# ARTIST MOSAIC CONCERT HALL CW BOURBON BURST



## Steadfastly (Nov 14, 2008)

Artist Mosaic Concert Hall CW Bourbon Burst GT Anthem EQ

Played one of these today. Would I recommend? If your budget was in the $1200.00 range yer darn tooting!. This is one of the best balanced acoustics I have played. Alas, the neck at 1.72 is a bit narrow for me. I don't understand why we don't see more of these at the dealer's. I love the Martin sound and I love my Alvarez which I would class ahead of the Seagull but not by much and not everyone prefers the tones I do. I would suggest checking it out if you are looking for a great acoustic if the price is in your budget.

\


----------



## Dorian2 (Jun 9, 2015)

I'm actually getting fairly annoyed at L&M for not carrying a number of Godin made guitars. I don't know what their "process" is to get them into certain markets, but they sure as hell aren't showing up in the shops I visit here in Edmonton.


----------



## Mooh (Mar 7, 2007)

Gripe time. I know that in Godin-ese that name makes sense, but I dislike a name that requires a reference text. Not that I'm in the market but I kind of like the recent Godin (and like branded) acoustics in spite of their supercalifragi...oh fuck it...names.

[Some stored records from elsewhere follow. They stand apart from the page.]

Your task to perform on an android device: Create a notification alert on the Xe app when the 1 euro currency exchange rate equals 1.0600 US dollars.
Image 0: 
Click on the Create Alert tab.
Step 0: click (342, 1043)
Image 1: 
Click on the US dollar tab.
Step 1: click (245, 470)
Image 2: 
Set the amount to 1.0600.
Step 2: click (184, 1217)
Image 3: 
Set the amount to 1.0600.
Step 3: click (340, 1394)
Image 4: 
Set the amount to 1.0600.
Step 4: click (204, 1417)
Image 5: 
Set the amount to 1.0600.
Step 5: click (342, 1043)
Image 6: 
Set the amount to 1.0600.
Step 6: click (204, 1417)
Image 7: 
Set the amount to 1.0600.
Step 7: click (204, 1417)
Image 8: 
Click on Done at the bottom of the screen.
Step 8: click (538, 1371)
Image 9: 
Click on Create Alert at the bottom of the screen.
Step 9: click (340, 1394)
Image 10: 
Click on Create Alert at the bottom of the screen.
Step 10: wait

@Steadfastly Which Martin sound is it you like? The D-18? D-45? 00? 000? There are many different Martin sounds or they wouldn't need to make so many models.


----------



## Steadfastly (Nov 14, 2008)

Mooh said:


> Gripe time. I know that in Godin-ese that name makes sense, but I dislike a name that requires a reference text. Not that I'm in the market but I kind of like the recent Godin (and like branded) acoustics in spite of their supercalifragi...oh fuck it...names.
> 
> @Steadfastly Which Martin sound is it you like? The D-18? D-45? 00? 000? There are many different Martin sounds or they wouldn't need to make so many models.


While all those models you mention do sound differently, they do have the "Martin" sound. I have not played a D-45 but quite like the D-18, OO and OOO. My Alvarez MD60 sounds very similar to a D-18. 

I was in Ontario last week and went to the Acoustic Room on James Street in Hamilton. Mark had a used Boucher which he claimed sounded similar to a D-18 and a customer was playing it. I listened for a few seconds and he was right. I played the Boucher on the recommendation of the other customer and it definitely had the D-18 sound but you could get the same sound from the Boucher with a lighter touch. 

I also played an Alvarez MF60. It too sounds like a D-18 (MD60) but with less volume. Now I want one as I find it more comfortable than my Dreadnought. \\

My Lowden 12 string is a dreadnought too but I can't see myself getting rid of it.


----------